Better late than never, the government came to the rescue of the industry and asked the public sector banks to announce cheaper home loans up to Rs 20 lakh. The four per cent cut in CENVAT also gave a sigh of relief as it would lead to lowering of input costs.

However, realty consultants are of the view that the recent measures taken by the government would bear fruit in the sector only if it is complemented with lowered property prices and further injection of liquidity.

Realising the impact of slowdown in the housing sector on other industries, like cement and steel, and its employment generation capacity, the government is mulling another package to boost the sector, expected to be announced in the new year.

The first half of 2009 is likely to be even tougher than 2008 as demand across segments —commercial, retail and residential continues to remain weak. Already, in 2008-09 so far, almost every developer has reported a fall in leases. According to a report by India Infoline,Unitech has more than 30 per cent vacancy on its portfolio held jointly with Unitech Corporate Parks and has managed to pre-lease only 18 per cent of the anticipated completions over H1CY09. The same report notes that cancellations have outweighed new leases at IBREL’s One Indiabulls Centre, since the REIT listing. Analysts expect rentals to fall further by 10-20 per cent in addition to the drop of 10-15 per cent already seen, given the subdued hiring plans of the IT industry and the high vacancies, coupled with lower rentals, could hurt cash flows, they point out.

According to Jones Lang Lasalle, pan-India grade A office vacancies are expected to rise from 5 per cent in 2007 to 17 per cent in 2009. In the retail space too supply will continue to outstrip demand — malls will be the hardest hit with high vacancies. Moreover, prices for residential property are likely to come down in 2009 and while there is demand, buyers are waiting for realistic prices. Consumers though may refrain from making purchases until fears of job losses and pay cuts recede. What’s worrying the Street is the high level of borrowings that many property firms have.
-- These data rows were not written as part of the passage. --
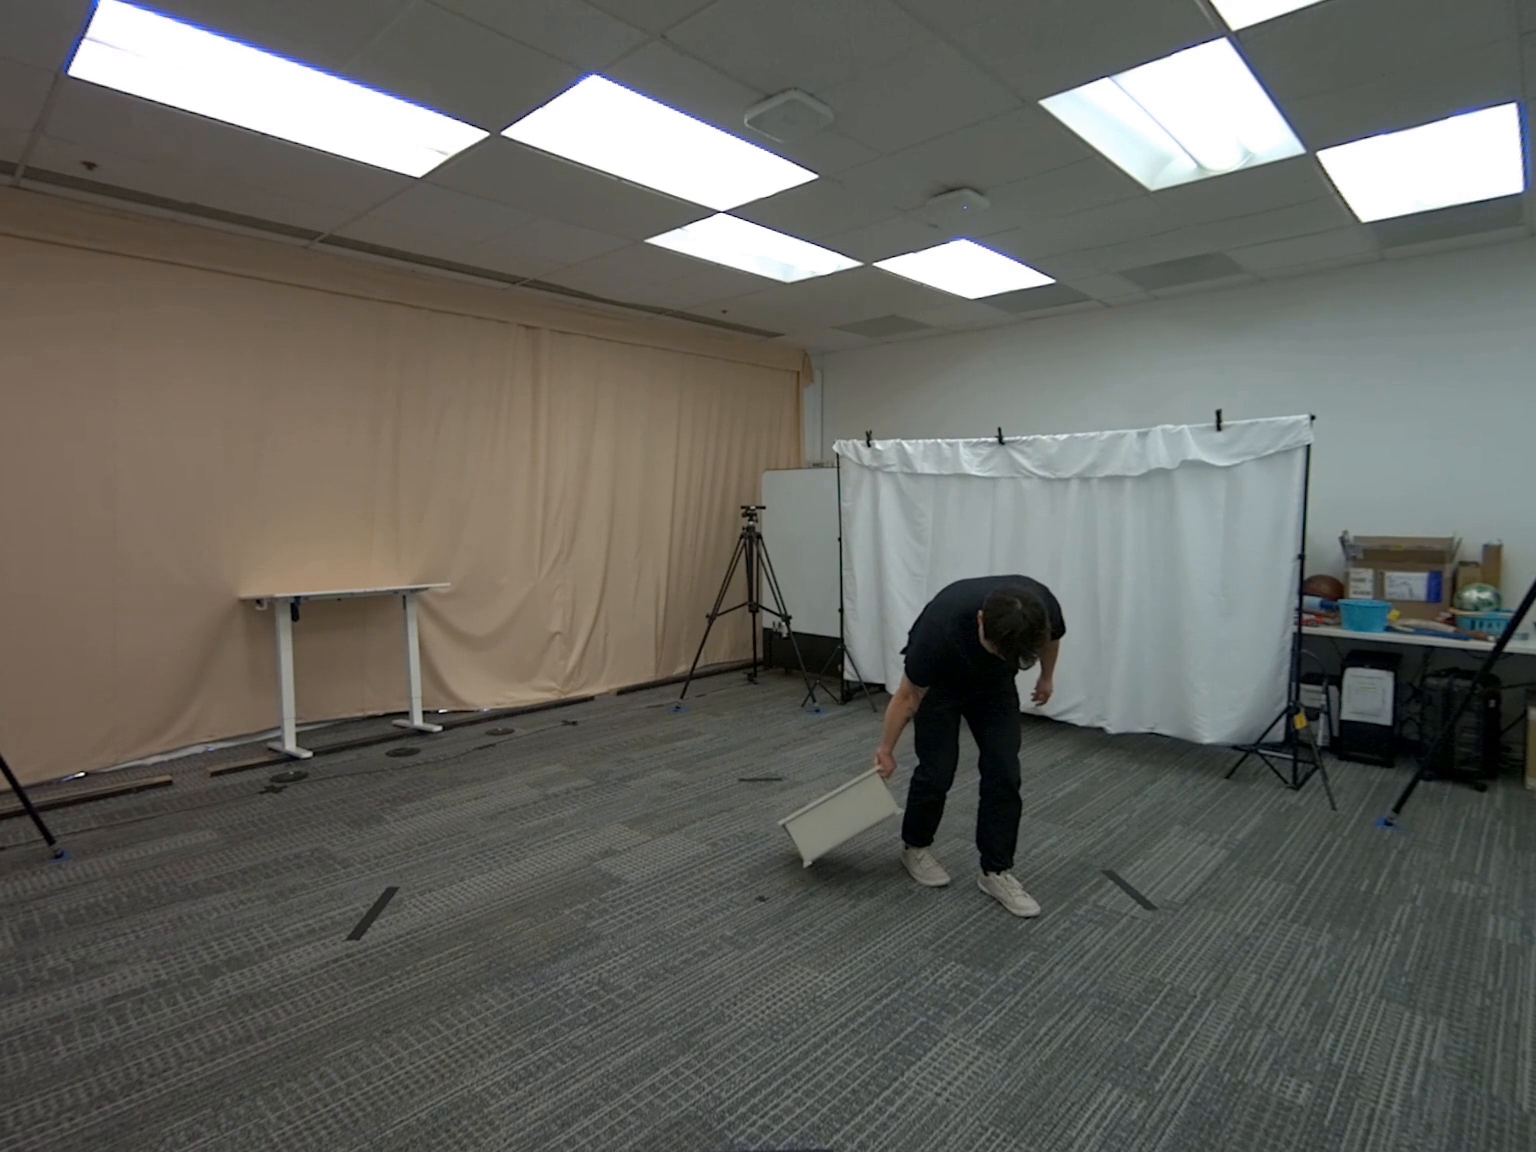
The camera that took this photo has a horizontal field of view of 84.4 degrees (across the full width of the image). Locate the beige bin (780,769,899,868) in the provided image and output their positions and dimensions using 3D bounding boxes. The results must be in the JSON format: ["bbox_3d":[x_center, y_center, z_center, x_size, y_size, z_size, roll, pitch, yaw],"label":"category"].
[{"bbox_3d":[0.277,0.908,3.202,0.422,0.191,0.372,-28,-12,-1],"label":"beige bin"}]
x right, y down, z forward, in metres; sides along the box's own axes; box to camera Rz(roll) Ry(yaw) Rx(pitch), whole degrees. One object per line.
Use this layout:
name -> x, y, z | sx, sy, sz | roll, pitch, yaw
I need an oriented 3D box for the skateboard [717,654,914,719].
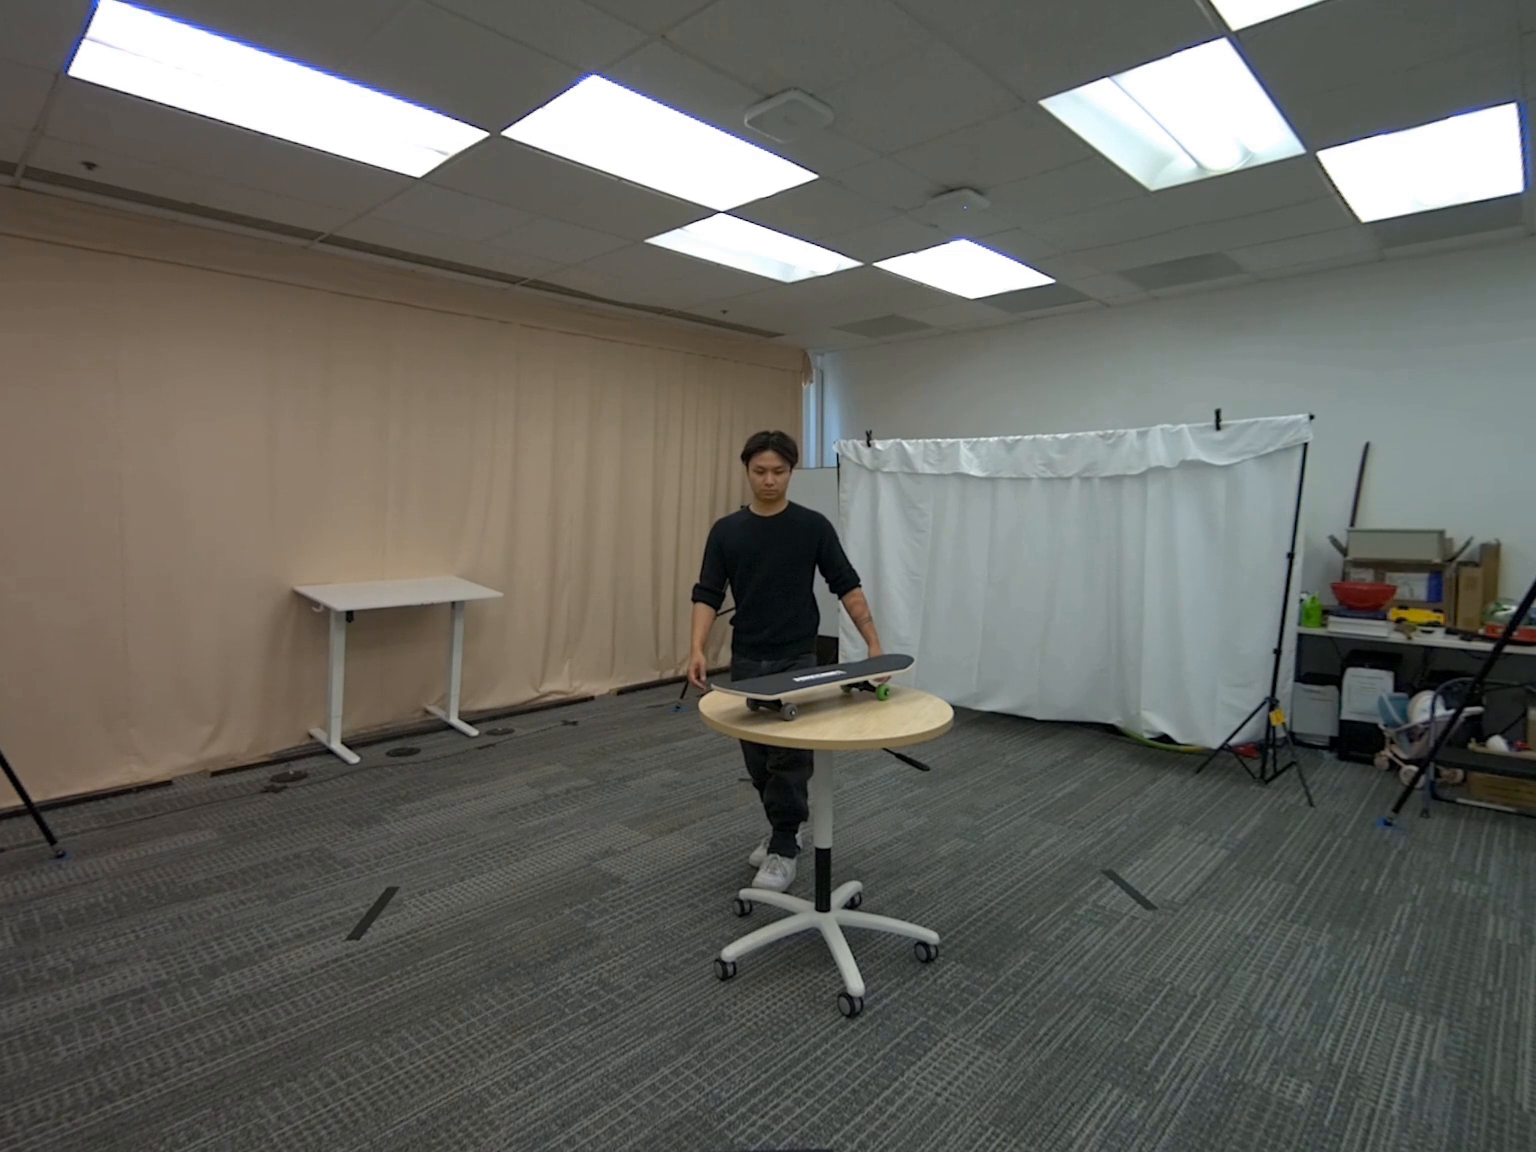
skateboard -> 0.150, 0.347, 2.568 | 0.762, 0.110, 0.200 | -5, 6, -39
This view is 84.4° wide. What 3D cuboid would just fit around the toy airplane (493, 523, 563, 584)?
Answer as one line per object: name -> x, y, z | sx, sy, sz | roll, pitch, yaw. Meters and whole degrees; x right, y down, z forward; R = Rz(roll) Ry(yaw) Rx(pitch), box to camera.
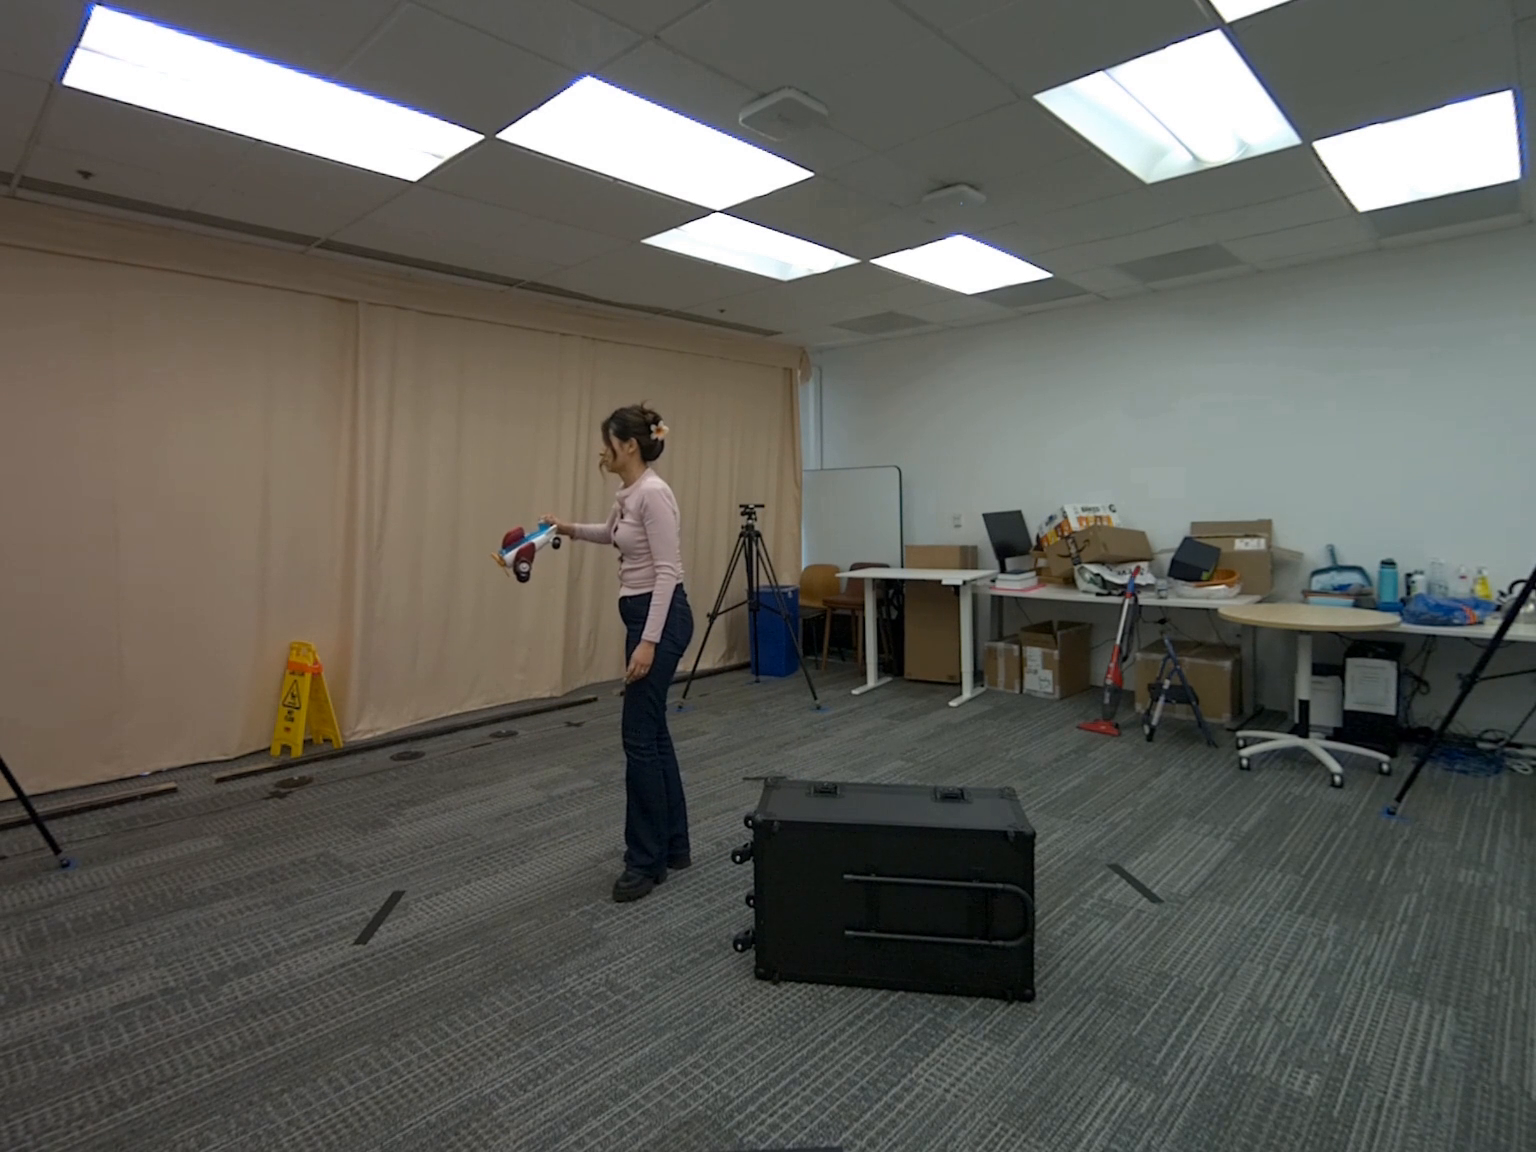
toy airplane -> -0.939, -0.102, 3.286 | 0.157, 0.252, 0.257 | 39, 33, 1
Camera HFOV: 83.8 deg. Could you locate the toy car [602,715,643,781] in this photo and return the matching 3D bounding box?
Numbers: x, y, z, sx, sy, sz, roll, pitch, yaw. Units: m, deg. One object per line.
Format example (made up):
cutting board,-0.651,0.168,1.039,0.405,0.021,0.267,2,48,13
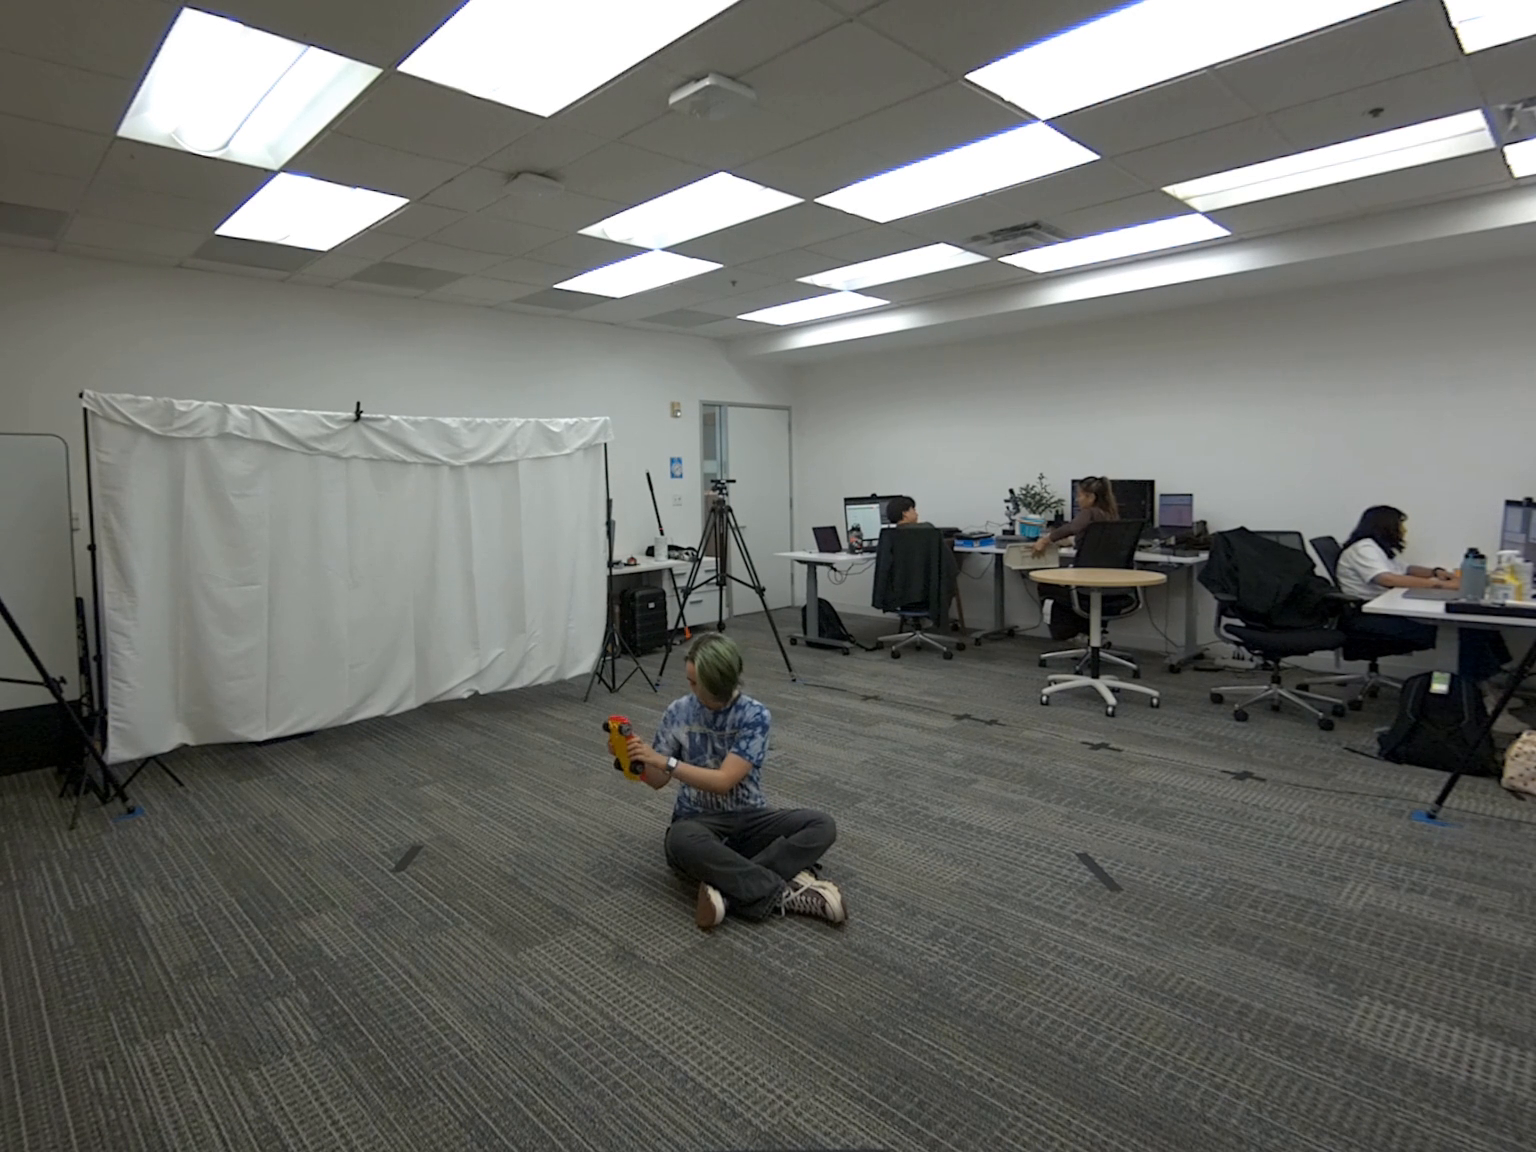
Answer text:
toy car,-0.478,0.607,2.949,0.134,0.249,0.083,-3,27,44
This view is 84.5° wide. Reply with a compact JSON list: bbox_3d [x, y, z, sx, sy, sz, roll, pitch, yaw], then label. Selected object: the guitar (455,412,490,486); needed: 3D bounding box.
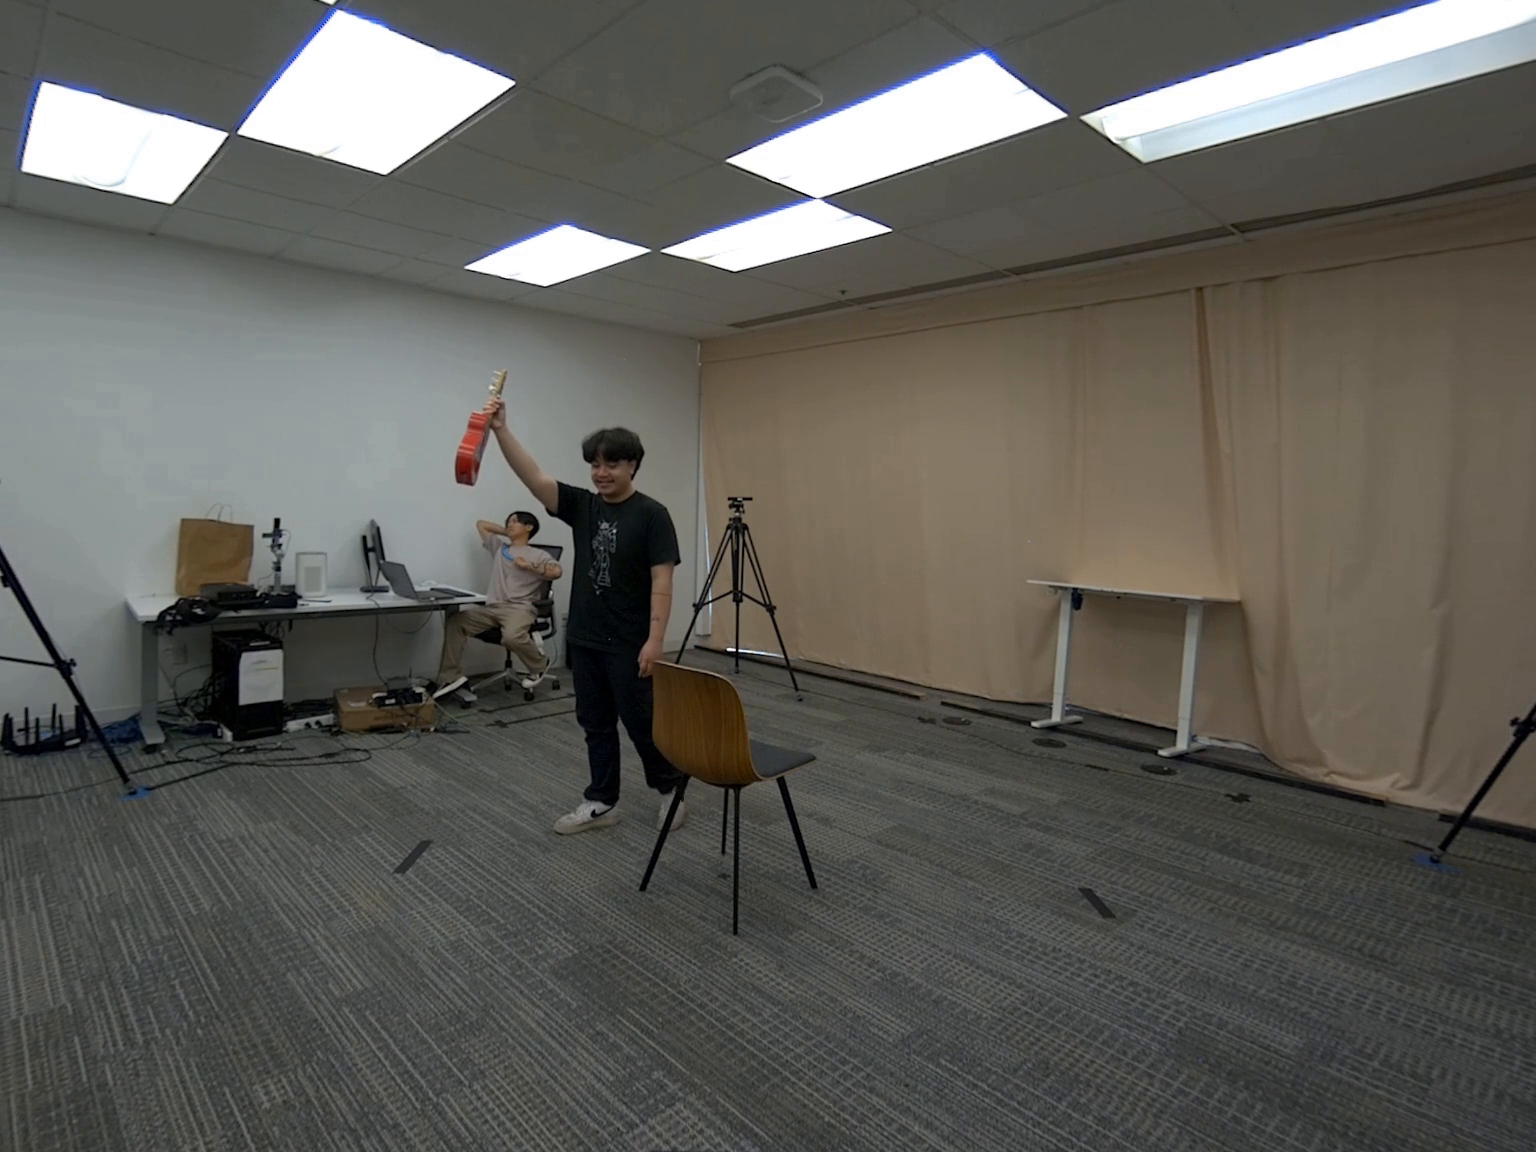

A recent report by Merrill Lynch noted, “We are increasingly worried about weakening credit ratios and the ability of companies to meet interest and debt obligations.” Merrill Lynch expects sales volumes for the sector to fall 10 per cent and the average selling price to decline 33 per cent in 2009-10 and as a consequence, it expects the average sector earnings to fall 42 per cent in 2009-10.